Terence has had long-term transit with “the meme-trading, self-transforming machine elves” who live on the other side of the membrane, a race of impish alien tykes who have been known to greet the weary psychonaut effusively, smothering him with wet, gooey leprechaun kisses. Then again, Terence has found himself lying paralyzed on a beach while a crab crawled across the sand and used its pincers to clean all ten of his fingernails. Terence has also felt himself suddenly flying in the company of silvery disks, moving over Soviet Siberia, ahead of him the Great Plain of Shang and red-yellow waste of India, sailing through the sky until he reached the rooftop of his very own house in Boudanath, west of Katmandu, where he encountered a woman in a satin evening dress. “Pure anima,” she was “Kali, Leucothea, something erotic but not human, something addressed to the species and not the individual, glittering with the possibility of cannibalism, madness, space, and extinction.” Then they were fucking, Terence and this wraith woman, their bodies reflected in a cool, obsidian liquid, “a translinguistic matter, the living opalescent excrescence of the alchemical abyss of hyper space.” And through it all Terence heard himself shouting, both a harrowed plea and triumphant declaration: “I am a human being, I am a human being.”
This is how Terence McKenna likes it, where he wants to be. The further gone the better. “I’ve always gravitated to the patently strange,” he says, recalling his voracious intake of Weird Tales, the Book of Knowledge, and creature features during his 1950s “odd kid” upbringing in a remote Colorado town. And likely it’s safe to conclude that few other six foot two fourteen-year-olds in the Rocky Mountain state busied themselves reading Jung’s Psychology and Alchemy on their walk to school, not to mention committing to memory whole swatches of Stephen Dedalus’s well-documented day. In retrospect, Terence assumes the obsessive autodidacticism of youth would have led to “nothing beyond the staid precincts of academia.” Except then, like magic, it wasn’t the ’50s anymore and McKenna was in Berkeley, California, regarding a tiny pink pellet of LSD-25, an encounter that Terence says “would set my course.” Indeed. Now when interviewers ask McKenna, “How many times have you taken LSD?” he replies, “Oh, maybe 150 times when I was young. Not a lot.” Then Terence will go on to define the “heroic dose” of psilocybin mushrooms. “Five dried grams. Five dried grams in silent darkness will flatten the most resistant ego.” Saying things like this is how Terence McKenna makes his living.
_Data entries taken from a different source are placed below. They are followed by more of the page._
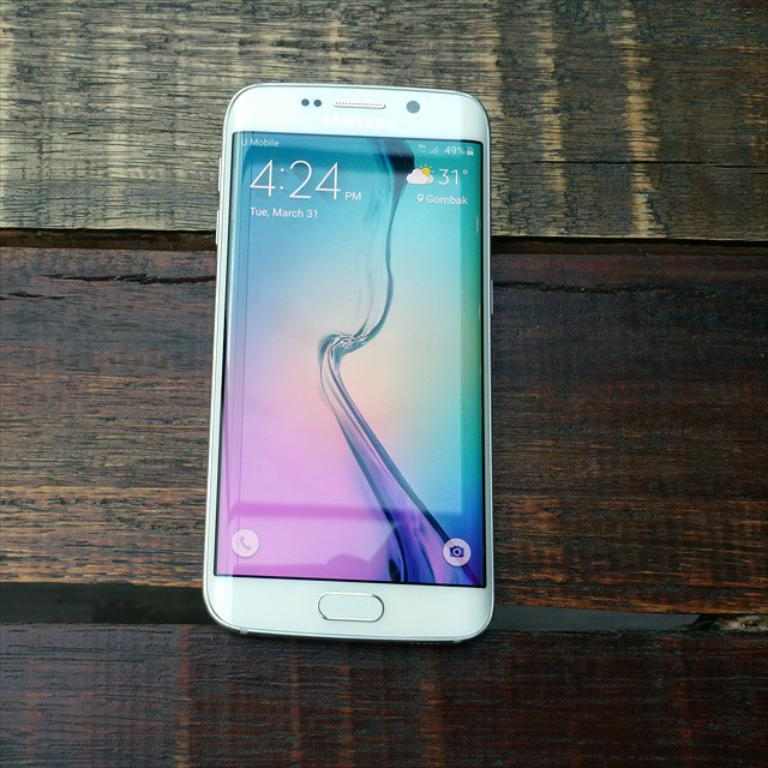What electronic device is visible in the image? There is a mobile phone in the image. What is displayed on the mobile phone's screen? The mobile phone's screen is displaying numbers and symbols. How many planes are flying over the trousers in the image? There are no planes or trousers present in the image; it only features a mobile phone with numbers and symbols on its screen. 
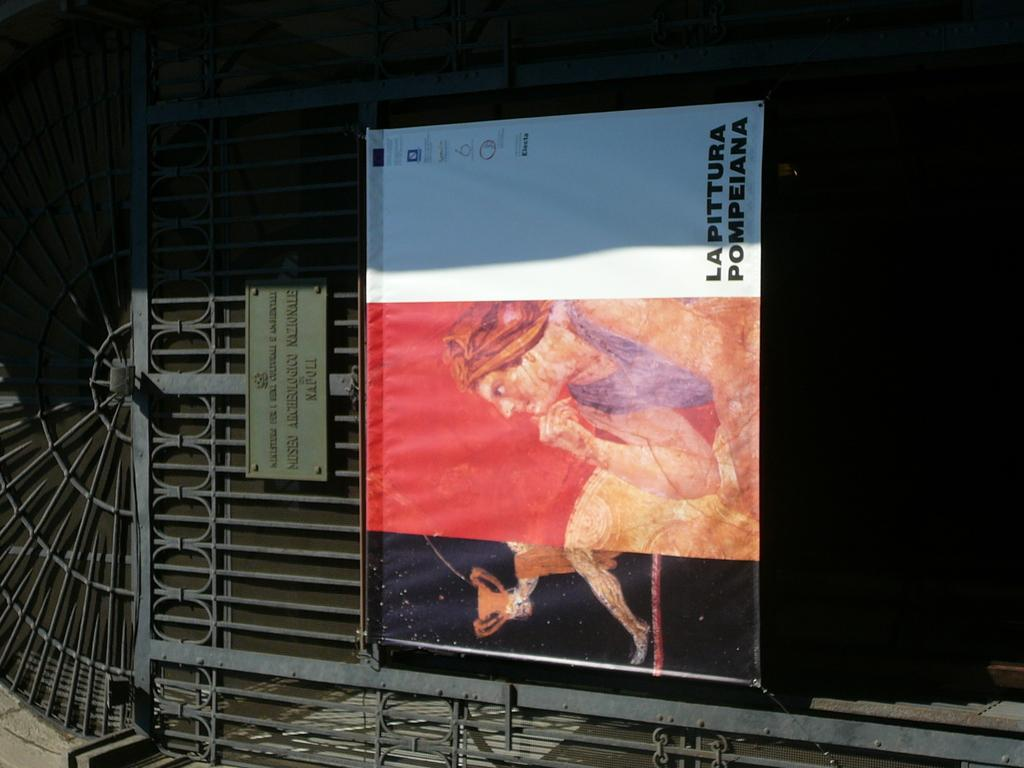<image>
Provide a brief description of the given image. A sign has vertical text reading Lapittura Pompeiana. 
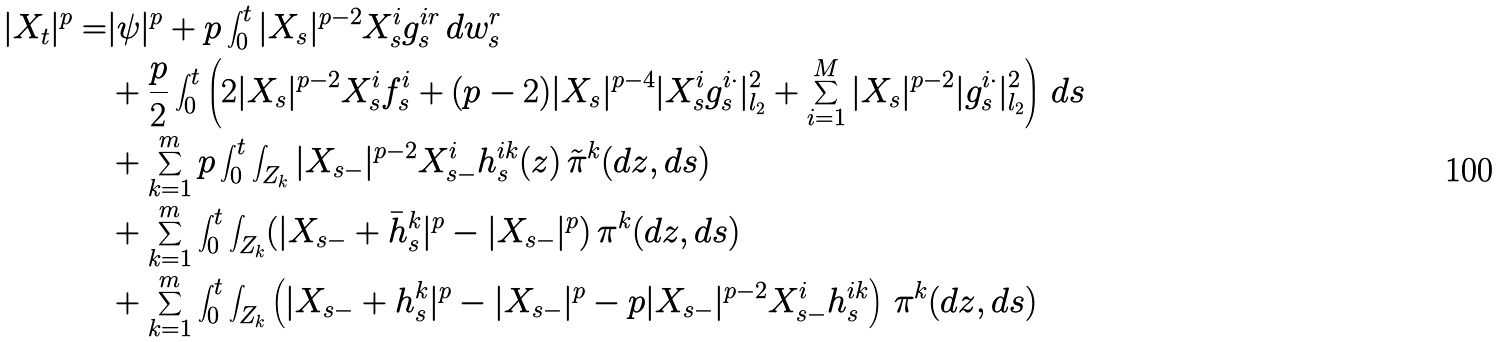<formula> <loc_0><loc_0><loc_500><loc_500>| X _ { t } | ^ { p } = & | \psi | ^ { p } + p \int _ { 0 } ^ { t } | X _ { s } | ^ { p - 2 } X ^ { i } _ { s } g _ { s } ^ { i r } \, d w _ { s } ^ { r } \\ & + \frac { p } { 2 } \int _ { 0 } ^ { t } \left ( 2 | X _ { s } | ^ { p - 2 } X ^ { i } _ { s } f ^ { i } _ { s } + ( p - 2 ) | X _ { s } | ^ { p - 4 } | X ^ { i } _ { s } g ^ { i \cdot } _ { s } | _ { l _ { 2 } } ^ { 2 } + \sum _ { i = 1 } ^ { M } | X _ { s } | ^ { p - 2 } | g ^ { i \cdot } _ { s } | _ { l _ { 2 } } ^ { 2 } \right ) \, d s \\ & + \sum _ { k = 1 } ^ { m } p \int _ { 0 } ^ { t } \int _ { Z _ { k } } | X _ { s - } | ^ { p - 2 } X ^ { i } _ { s - } h ^ { i k } _ { s } ( z ) \, \tilde { \pi } ^ { k } ( d z , d s ) \\ & + \sum _ { k = 1 } ^ { m } \int _ { 0 } ^ { t } \int _ { Z _ { k } } ( | X _ { s - } + \bar { h } ^ { k } _ { s } | ^ { p } - | X _ { s - } | ^ { p } ) \, \pi ^ { k } ( d z , d s ) \\ & + \sum _ { k = 1 } ^ { m } \int _ { 0 } ^ { t } \int _ { Z _ { k } } \left ( | X _ { s - } + h ^ { k } _ { s } | ^ { p } - | X _ { s - } | ^ { p } - p | X _ { s - } | ^ { p - 2 } X ^ { i } _ { s - } h ^ { i k } _ { s } \right ) \, \pi ^ { k } ( d z , d s )</formula> 
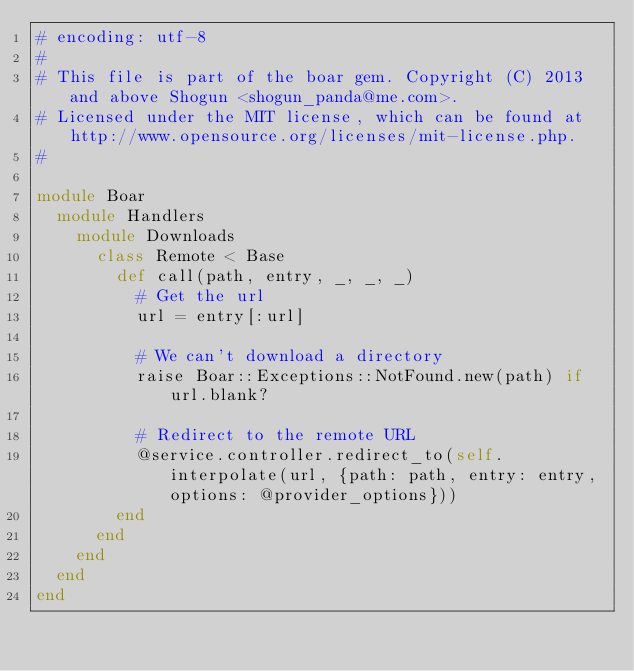Convert code to text. <code><loc_0><loc_0><loc_500><loc_500><_Ruby_># encoding: utf-8
#
# This file is part of the boar gem. Copyright (C) 2013 and above Shogun <shogun_panda@me.com>.
# Licensed under the MIT license, which can be found at http://www.opensource.org/licenses/mit-license.php.
#

module Boar
  module Handlers
    module Downloads
      class Remote < Base
        def call(path, entry, _, _, _)
          # Get the url
          url = entry[:url]

          # We can't download a directory
          raise Boar::Exceptions::NotFound.new(path) if url.blank?

          # Redirect to the remote URL
          @service.controller.redirect_to(self.interpolate(url, {path: path, entry: entry, options: @provider_options}))
        end
      end
    end
  end
end</code>

A semiregular on the spiritualista/new-age lecture circuit, cassettes of Terence’s psychedelic polemics titled The Ineffable Tremendum, have been underground audio staples for some time. But now, as the decade-long Reagan-Bush “war on drugs” staggers under the weight of its own contradictions (as we used to say), lumbering toward what increasingly seems a high tech version of Reefer Madness, Terence McKenna has caught a tiny but unmistakable culture wrinkle (just recently The New York Times ran a full-page, decidedly unjudgmental article denoting LSD “a drug of allure”), and he’s riding it. Within the next year no less than five books detailing McKenna’s primary concerns, not one of them printed on a desktop computer and held together with plastic rings, will be published. One of these, The Archaic Revival, a compendium subtitled “Speculations on Psychedelic Mushrooms, the Amazon, Virtual Reality, UFOs, Evolution, Shamanism, the Rebirth of the Goddess, and the End of History” and blurbed by Tom Robbins as “a cyclone of unorthodox ideas capable of lifting almost any brain out of its cognitive Kansas,” basically circumscribes the territory.
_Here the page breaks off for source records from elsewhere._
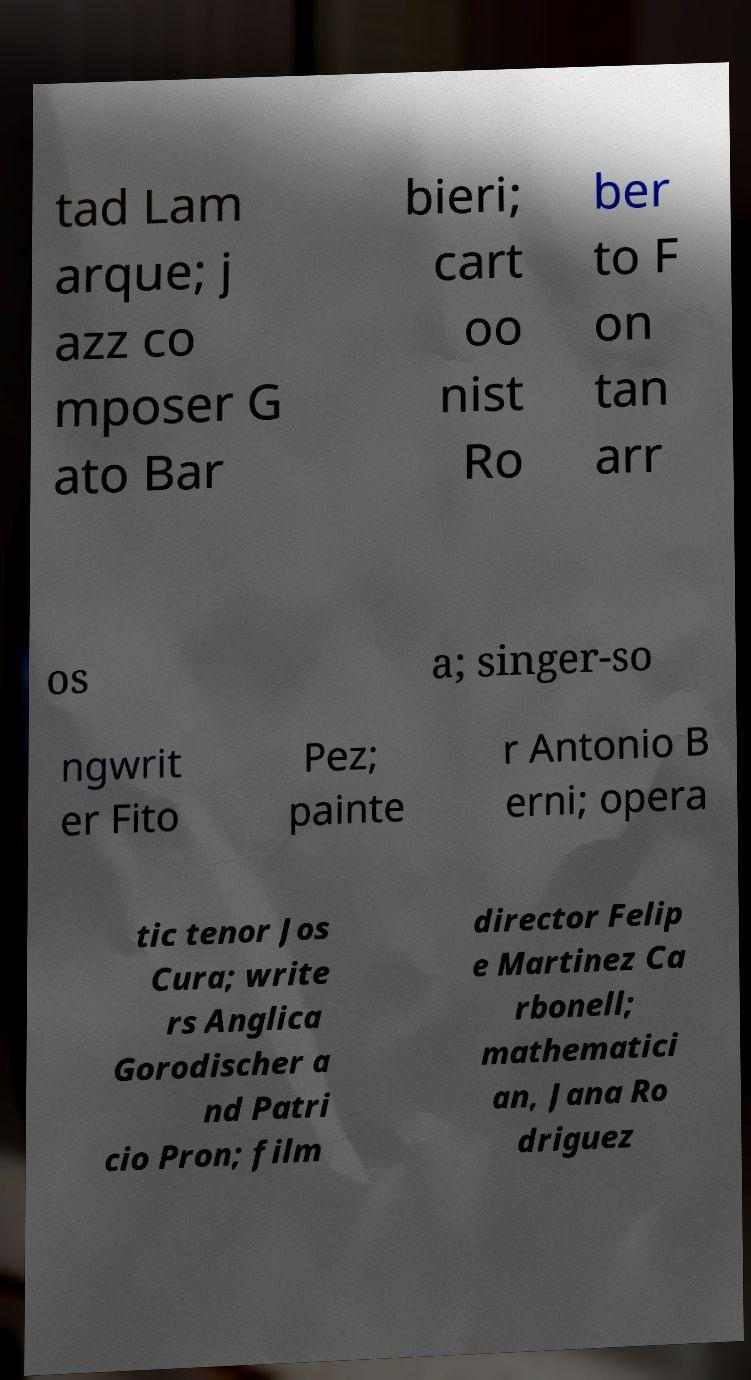I need the written content from this picture converted into text. Can you do that? tad Lam arque; j azz co mposer G ato Bar bieri; cart oo nist Ro ber to F on tan arr os a; singer-so ngwrit er Fito Pez; painte r Antonio B erni; opera tic tenor Jos Cura; write rs Anglica Gorodischer a nd Patri cio Pron; film director Felip e Martinez Ca rbonell; mathematici an, Jana Ro driguez 
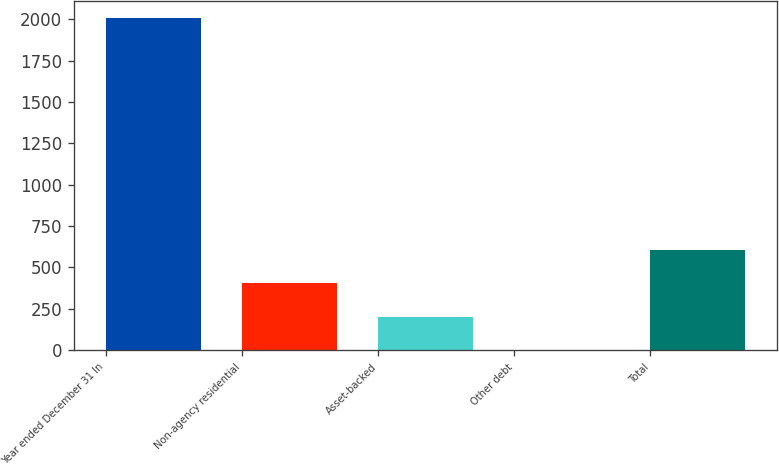Convert chart. <chart><loc_0><loc_0><loc_500><loc_500><bar_chart><fcel>Year ended December 31 In<fcel>Non-agency residential<fcel>Asset-backed<fcel>Other debt<fcel>Total<nl><fcel>2011<fcel>403<fcel>202<fcel>1<fcel>604<nl></chart> 
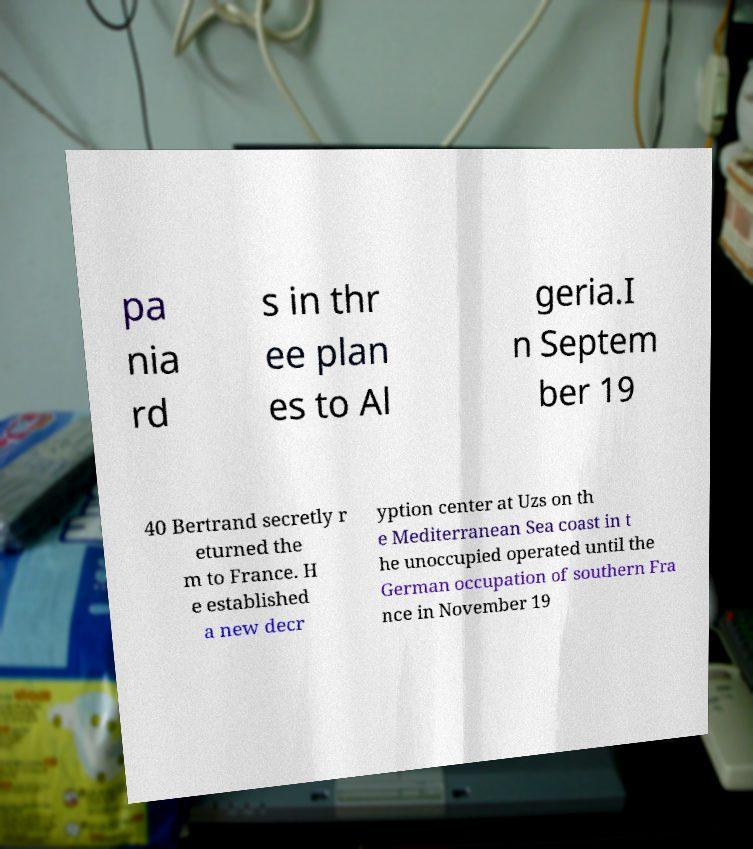There's text embedded in this image that I need extracted. Can you transcribe it verbatim? pa nia rd s in thr ee plan es to Al geria.I n Septem ber 19 40 Bertrand secretly r eturned the m to France. H e established a new decr yption center at Uzs on th e Mediterranean Sea coast in t he unoccupied operated until the German occupation of southern Fra nce in November 19

Given all this, what surprise could there be in Terence’s failure to be impressed by my under-the-earth riff? Terence has heard low-level tales like mine from the skulkers who grab his sweater in the supermarket and speak with hot breath about gelatinous hyperspace amorphs when all he’s trying to do is buy some cold cuts and a carton of orange juice. He comes home and his answering machine is clogged with missives from unseen legions pledging undying fealty to “the point man in the great cause to which we fight for.” When you’re penciled in as the Timothy Leary of the ’90s (by Leary himself), acknowledged as the leading spokesman for “the psychedelic position,” people tend to bring you accounts of their drug narratives like chewed bones, then sit there big-eyed and panting, desperate for approval. Likely, the stories have a tendency to run together.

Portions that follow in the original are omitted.